| Copyright | (C) 2015 mniip |
|---|---|
| License | BSD3 |
| Maintainer | mniip <mniip@mniip.com> |
| Stability | experimental |
| Portability | portable |
| Safe Haskell | Safe |
| Language | Haskell2010 |
Data.List.Kmp.Internal
Description
Implementation of the prefix-function on cons-cells.
prefix-function has a simple implementation using arrays, the challenge,
however was to implement it on haskell lists (which are cons cells) without
losing any complexity.
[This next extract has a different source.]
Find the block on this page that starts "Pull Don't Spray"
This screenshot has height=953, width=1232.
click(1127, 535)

The following code uses a tying-the-knot data passing
structure, however no complicated laziness mechanisms are used: a KmpState
only depends on previous KmpStates and therefore this algorithm can be
safely implemented in a strict language using pointers.
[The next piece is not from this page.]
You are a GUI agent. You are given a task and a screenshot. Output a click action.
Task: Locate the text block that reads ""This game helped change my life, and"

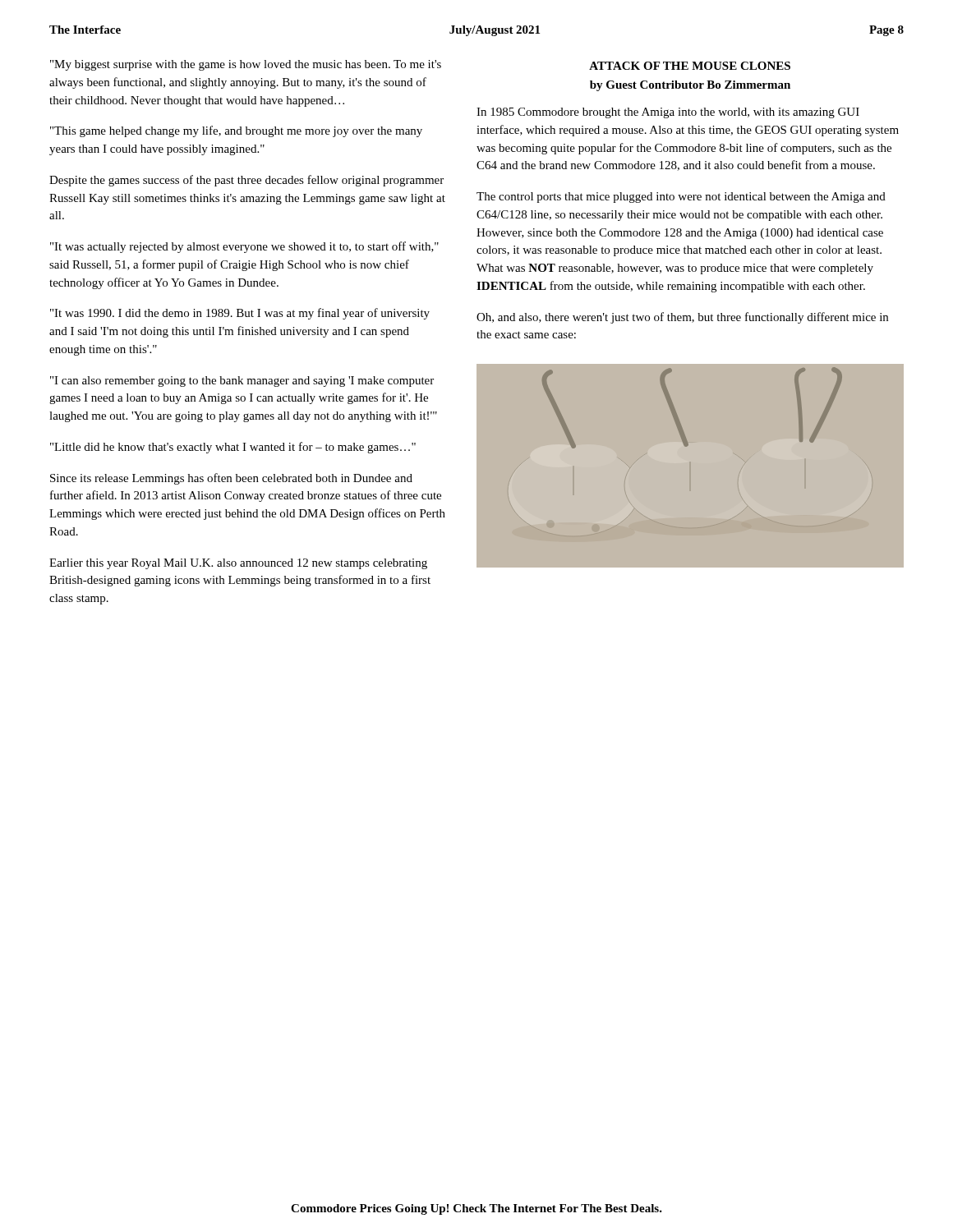coord(236,140)

- data KmpState a = KmpState {}
- data GenericKmpState i a = GenericKmpState {
- gKmpTail :: [a]
- gKmpLength :: Maybe i
- gKmpPrev :: [GenericKmpState i a]
- kmpTraverse :: Eq a => [a] -> [KmpState a]
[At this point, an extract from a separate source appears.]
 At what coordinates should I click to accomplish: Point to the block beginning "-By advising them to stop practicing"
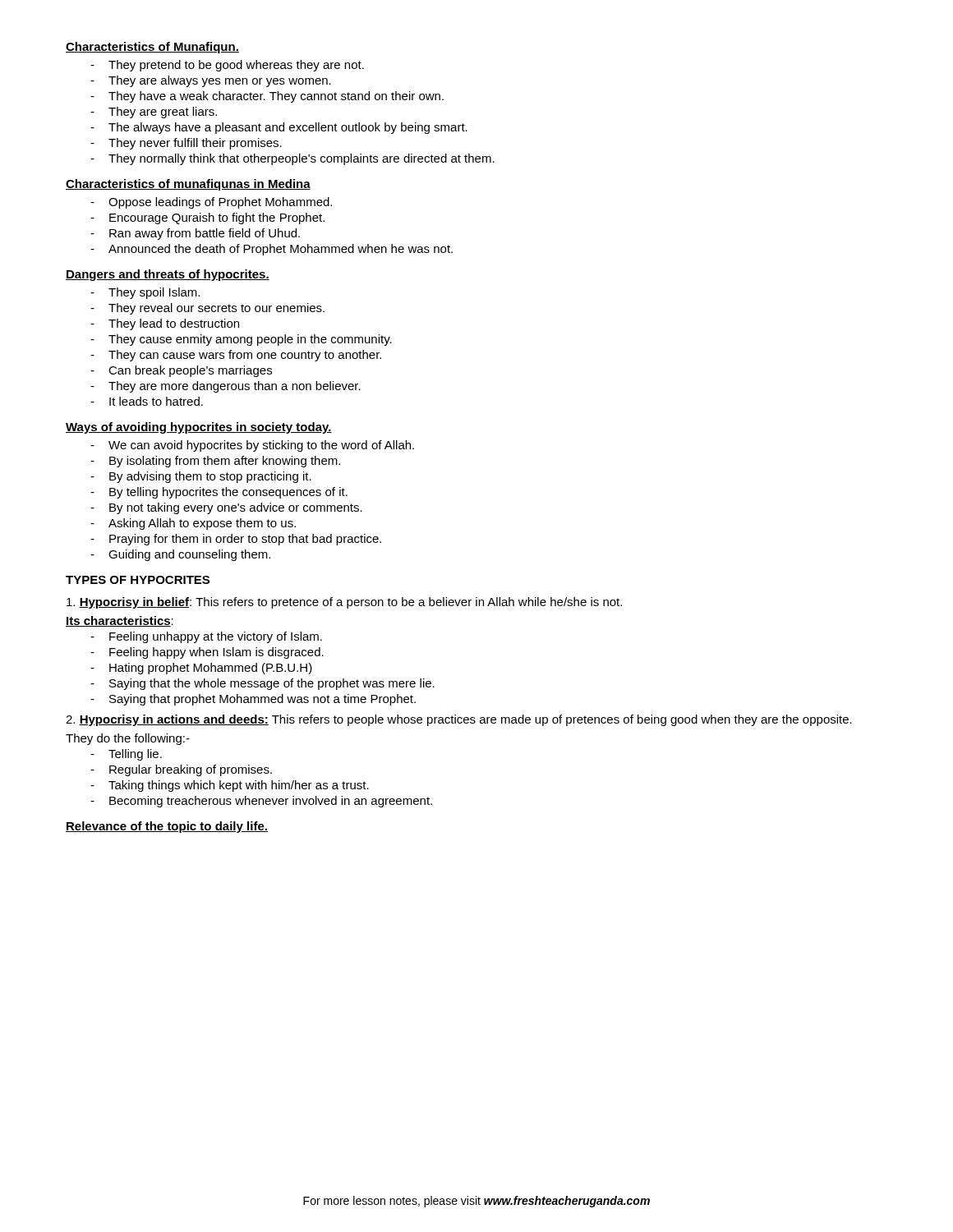pyautogui.click(x=201, y=477)

- kmpTraverseBy :: (a -> a -> Bool) -> [a] -> [KmpState a]
- gKmpTraverse :: (Num i, Eq a) => [a] -> [GenericKmpState i a]
- gKmpTraverseBy :: Num i => (a -> a -> Bool) -> [a] -> [GenericKmpState i a]
Documentation
data GenericKmpState i a Source
KmpState generalized over the number type. Nothing represents zero and
is used to avoid the Eq constraint
Constructors
| GenericKmpState | |
Fields
| |
kmpTraverse :: Eq a => [a] -> [KmpState a] Source
O(N). Compute the list of prefix-function states for a given input.
kmpTraverseBy :: (a -> a -> Bool) -> [a] -> [KmpState a] Source
O(N) and O(N) calls to the predicate. Compute the list of prefix-function
states using a given equality predicate. See prefixFunBy
for a detailed explanation of what predicates are allowed.
gKmpTraverse :: (Num i, Eq a) => [a] -> [GenericKmpState i a] Source
O(N) and O(N) plus-1's. Compute the list of prefix-function states using a given number type.
gKmpTraverseBy :: Num i => (a -> a -> Bool) -> [a] -> [GenericKmpState i a] Source
O(N), O(N) calls to the predicate, and O(N) plus-1's. Compute the list of prefix-function states using a given number type and a given equality predicate.